The Pakistani man needs to recognize the destructiveness of the curse of patriarchy. For one, it instills a deep sense of insecurity within the male psyche, weakening him. A man who enforces his dominance is but a coward, a mere weakling. A bully, he uses his societal, physical or cultural dominance to hide his weaknesses and failures. Such men protect societies that use religious and political propagandas to dictate the very worth of a woman’s life. They indulge in self-serving customs that only hamper the evolution of their community. Such individuals greatly undermine the potential and contributions of women and are very much responsible for the dire state of women rights in the world. The Pakistani man needs to be bigger than this; he needs to be better than this, atleast for his own sake.
Feminism has been wrongly stereotyped as a movement initiated and propagated by aggressive women. This is a very unfortunate misconception. Feminism is a philosophy that seeks equality within the society; equality in terms of rights, opportunities and indeed freedom. Feminism does not undermine the role of men but instead seeks to realize the full potential of the women who have been forced to stay behind. Feminism hence is not an anti-men movement. It is but a movement of unison, of complementation, of acknowledgement and of acceptance.

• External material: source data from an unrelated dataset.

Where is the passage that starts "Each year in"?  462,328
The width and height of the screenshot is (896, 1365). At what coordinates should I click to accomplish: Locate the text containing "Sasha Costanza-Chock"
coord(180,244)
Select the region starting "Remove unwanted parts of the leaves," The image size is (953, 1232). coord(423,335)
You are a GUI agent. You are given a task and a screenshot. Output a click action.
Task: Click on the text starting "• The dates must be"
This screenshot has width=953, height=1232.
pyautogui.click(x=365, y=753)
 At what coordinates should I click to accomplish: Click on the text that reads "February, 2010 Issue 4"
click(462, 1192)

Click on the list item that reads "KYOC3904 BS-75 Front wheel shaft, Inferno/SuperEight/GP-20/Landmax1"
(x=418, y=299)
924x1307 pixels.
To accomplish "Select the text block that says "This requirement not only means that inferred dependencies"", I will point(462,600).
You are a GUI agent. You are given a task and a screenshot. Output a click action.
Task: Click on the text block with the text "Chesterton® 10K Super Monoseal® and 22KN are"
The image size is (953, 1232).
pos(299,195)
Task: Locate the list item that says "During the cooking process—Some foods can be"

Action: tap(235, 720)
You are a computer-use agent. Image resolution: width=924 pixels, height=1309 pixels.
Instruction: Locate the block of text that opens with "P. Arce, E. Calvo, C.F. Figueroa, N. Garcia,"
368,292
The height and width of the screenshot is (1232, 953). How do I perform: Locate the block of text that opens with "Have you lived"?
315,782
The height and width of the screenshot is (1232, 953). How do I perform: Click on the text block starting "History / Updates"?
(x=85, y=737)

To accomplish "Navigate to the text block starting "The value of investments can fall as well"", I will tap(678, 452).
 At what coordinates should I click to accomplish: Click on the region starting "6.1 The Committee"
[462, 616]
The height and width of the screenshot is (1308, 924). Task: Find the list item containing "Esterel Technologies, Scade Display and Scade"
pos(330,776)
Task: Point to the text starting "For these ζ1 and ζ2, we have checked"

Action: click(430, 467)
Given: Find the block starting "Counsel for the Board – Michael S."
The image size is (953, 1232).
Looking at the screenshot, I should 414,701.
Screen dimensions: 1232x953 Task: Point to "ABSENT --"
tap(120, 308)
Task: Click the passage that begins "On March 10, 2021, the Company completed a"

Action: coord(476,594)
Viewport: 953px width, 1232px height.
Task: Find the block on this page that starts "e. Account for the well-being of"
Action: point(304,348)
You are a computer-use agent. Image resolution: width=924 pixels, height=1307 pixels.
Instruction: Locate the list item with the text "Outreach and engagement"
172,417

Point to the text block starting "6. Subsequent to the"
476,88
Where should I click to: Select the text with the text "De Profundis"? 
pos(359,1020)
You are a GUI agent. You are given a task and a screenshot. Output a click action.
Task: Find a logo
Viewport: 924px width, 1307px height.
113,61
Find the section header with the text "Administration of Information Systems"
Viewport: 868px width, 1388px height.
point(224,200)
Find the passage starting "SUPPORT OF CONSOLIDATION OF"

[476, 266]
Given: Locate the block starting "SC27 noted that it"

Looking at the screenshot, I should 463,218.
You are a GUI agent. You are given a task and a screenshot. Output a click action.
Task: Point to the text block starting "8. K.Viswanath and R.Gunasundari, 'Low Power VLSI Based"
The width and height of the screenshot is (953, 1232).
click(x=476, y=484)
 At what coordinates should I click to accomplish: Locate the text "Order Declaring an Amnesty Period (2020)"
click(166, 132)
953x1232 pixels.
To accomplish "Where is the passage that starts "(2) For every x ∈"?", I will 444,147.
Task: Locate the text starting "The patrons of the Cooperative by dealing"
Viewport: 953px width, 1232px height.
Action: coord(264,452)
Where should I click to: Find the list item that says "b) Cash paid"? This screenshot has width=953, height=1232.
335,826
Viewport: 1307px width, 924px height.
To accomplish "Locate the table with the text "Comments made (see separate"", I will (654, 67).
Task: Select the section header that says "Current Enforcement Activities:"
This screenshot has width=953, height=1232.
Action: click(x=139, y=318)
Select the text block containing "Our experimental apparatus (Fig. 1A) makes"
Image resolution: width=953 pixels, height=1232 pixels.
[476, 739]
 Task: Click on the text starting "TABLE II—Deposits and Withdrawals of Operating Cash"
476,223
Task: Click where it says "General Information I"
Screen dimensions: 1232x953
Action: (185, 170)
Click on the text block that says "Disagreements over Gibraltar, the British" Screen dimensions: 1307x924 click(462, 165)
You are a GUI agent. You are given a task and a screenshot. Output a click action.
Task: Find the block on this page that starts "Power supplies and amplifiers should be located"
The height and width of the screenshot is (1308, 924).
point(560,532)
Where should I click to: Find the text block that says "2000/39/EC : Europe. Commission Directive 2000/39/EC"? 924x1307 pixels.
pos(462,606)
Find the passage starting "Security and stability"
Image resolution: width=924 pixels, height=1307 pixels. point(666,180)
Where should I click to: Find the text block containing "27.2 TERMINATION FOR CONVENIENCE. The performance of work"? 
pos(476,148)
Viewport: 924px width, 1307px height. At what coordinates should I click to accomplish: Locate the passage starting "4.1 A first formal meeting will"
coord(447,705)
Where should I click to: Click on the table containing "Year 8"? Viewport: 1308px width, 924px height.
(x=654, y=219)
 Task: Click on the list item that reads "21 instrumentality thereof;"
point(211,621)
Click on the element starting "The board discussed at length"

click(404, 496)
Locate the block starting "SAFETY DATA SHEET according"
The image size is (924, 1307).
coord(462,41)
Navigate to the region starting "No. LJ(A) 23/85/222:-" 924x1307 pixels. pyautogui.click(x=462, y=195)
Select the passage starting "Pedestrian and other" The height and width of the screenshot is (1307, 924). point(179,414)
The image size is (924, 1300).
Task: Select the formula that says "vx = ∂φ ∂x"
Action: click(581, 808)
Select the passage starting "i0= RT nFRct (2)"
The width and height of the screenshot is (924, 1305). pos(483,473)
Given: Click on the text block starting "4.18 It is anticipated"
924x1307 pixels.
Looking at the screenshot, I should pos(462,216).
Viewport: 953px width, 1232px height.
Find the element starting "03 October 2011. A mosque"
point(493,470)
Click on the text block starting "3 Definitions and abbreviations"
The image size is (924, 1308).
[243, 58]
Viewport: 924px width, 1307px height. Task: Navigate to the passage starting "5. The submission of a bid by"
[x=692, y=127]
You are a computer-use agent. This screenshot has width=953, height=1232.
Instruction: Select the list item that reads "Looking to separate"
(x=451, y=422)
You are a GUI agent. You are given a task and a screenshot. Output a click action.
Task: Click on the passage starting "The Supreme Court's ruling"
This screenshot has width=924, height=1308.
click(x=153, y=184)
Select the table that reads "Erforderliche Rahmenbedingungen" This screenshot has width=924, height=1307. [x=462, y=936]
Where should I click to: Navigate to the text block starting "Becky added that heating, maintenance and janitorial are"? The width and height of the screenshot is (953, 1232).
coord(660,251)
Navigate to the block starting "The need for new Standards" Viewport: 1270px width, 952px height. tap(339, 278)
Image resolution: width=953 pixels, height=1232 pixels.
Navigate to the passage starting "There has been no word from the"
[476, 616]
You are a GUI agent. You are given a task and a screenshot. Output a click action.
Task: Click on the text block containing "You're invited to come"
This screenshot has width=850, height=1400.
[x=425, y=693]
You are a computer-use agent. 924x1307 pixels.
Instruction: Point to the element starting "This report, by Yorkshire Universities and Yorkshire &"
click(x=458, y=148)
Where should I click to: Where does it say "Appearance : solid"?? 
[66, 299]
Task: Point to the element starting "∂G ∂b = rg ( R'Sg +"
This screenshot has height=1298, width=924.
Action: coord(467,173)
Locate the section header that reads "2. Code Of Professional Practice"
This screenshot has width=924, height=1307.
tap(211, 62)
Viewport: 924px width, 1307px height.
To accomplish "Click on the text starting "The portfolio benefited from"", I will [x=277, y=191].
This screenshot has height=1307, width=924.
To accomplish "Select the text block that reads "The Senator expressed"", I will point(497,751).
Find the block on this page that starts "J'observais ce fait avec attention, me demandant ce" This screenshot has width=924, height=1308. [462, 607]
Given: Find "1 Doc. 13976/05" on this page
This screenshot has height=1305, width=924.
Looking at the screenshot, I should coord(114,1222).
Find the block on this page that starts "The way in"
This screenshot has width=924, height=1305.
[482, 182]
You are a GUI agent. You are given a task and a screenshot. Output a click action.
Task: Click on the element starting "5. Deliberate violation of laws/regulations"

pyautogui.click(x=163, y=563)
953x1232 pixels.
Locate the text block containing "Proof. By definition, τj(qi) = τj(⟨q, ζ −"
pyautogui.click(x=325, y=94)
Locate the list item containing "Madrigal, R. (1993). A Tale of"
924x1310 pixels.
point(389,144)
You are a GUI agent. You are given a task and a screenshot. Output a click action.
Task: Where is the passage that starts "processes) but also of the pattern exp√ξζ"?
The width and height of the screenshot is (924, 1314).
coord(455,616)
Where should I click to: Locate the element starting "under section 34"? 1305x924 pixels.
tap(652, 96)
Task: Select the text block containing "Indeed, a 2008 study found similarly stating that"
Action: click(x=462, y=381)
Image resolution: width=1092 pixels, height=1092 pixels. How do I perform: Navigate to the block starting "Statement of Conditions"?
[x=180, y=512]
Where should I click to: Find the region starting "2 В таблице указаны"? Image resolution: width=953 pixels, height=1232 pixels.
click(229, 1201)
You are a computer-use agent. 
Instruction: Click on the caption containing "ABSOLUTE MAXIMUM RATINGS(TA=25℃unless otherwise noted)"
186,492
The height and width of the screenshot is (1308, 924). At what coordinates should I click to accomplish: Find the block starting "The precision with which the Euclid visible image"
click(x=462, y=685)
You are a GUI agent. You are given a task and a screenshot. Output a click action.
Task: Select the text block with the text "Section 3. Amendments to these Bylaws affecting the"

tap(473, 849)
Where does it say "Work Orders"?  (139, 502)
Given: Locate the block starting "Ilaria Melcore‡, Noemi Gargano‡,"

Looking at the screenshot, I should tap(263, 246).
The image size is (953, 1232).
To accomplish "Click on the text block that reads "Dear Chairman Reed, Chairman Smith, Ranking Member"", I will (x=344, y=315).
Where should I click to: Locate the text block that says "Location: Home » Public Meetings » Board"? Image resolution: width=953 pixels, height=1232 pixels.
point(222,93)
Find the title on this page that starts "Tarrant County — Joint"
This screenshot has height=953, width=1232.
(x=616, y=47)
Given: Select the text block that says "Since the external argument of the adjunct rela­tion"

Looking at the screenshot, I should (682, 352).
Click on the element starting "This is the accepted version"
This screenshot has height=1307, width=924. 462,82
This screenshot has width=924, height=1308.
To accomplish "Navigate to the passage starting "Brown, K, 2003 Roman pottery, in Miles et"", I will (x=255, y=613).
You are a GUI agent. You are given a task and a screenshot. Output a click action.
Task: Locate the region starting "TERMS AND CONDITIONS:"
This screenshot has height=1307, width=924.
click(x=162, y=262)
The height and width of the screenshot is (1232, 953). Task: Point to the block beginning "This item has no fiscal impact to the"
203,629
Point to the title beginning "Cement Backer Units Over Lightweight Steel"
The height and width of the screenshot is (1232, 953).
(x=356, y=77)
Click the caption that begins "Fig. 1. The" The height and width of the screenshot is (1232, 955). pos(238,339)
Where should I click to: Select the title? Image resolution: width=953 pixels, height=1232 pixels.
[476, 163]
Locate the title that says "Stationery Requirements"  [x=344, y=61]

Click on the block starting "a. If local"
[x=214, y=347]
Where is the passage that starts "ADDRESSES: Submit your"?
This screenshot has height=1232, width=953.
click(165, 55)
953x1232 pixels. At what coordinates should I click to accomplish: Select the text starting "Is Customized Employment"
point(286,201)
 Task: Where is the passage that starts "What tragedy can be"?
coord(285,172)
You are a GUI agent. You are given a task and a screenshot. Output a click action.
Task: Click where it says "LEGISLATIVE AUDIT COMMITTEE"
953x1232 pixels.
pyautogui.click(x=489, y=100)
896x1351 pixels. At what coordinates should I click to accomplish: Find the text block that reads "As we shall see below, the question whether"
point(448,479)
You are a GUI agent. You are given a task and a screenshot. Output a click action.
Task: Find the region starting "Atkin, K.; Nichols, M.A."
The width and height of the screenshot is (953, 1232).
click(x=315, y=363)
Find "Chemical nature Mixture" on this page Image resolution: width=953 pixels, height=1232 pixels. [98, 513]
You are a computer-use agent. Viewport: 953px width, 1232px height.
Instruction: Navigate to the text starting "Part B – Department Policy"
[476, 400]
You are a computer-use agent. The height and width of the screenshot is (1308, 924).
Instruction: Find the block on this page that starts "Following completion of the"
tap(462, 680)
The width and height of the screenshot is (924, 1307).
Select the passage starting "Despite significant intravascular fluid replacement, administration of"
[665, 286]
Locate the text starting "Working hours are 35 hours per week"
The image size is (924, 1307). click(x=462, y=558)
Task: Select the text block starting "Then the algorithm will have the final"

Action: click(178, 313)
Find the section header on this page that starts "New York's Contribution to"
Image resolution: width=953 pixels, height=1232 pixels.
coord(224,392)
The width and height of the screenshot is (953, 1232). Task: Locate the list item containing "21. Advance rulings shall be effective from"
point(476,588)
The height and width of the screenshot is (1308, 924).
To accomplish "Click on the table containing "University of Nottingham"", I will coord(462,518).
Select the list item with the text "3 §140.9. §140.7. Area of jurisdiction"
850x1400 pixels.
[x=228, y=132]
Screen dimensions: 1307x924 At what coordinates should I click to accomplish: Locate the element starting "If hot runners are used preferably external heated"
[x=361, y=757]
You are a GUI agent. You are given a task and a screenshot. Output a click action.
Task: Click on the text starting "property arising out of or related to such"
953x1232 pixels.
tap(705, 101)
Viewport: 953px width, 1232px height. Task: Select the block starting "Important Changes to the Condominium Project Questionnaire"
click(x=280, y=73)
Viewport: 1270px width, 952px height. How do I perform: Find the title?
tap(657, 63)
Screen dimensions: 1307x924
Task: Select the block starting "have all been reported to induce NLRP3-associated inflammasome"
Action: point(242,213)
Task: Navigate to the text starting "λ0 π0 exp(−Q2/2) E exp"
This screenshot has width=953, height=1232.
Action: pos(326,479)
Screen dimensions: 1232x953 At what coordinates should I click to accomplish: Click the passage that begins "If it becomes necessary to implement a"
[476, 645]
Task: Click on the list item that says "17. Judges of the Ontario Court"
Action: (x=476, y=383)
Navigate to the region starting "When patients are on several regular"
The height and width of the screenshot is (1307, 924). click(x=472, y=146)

A large segment of civil society is doing a commendable work in advocating equality but the preceding narrative is indicative that this is not enough. The only way out of the quicksand of loathsome discrimination within the Pakistani society is an active army of socially aware and intellectually nurtured feminist men. For a society like Pakistan, where most of the women have been indoctrinated by generations of patriarchal injunctions and have been deprived of opportunities to construct an institutional or philosophical framework for the protection of their rights, it is very important that the common Pakistani man rises up for them. The ‘he’, hence, needs to rise for the ‘she’, not for her sake but for himself, for his society and for his country. It is not a choice for there is no rationale for protection of any form of discrimination. It is but a debt that we owe to the Pakistan of the future where every individual can realize their potential and contribute socio-economically to its refinement and development. Every step is crucial, every feminist man is important.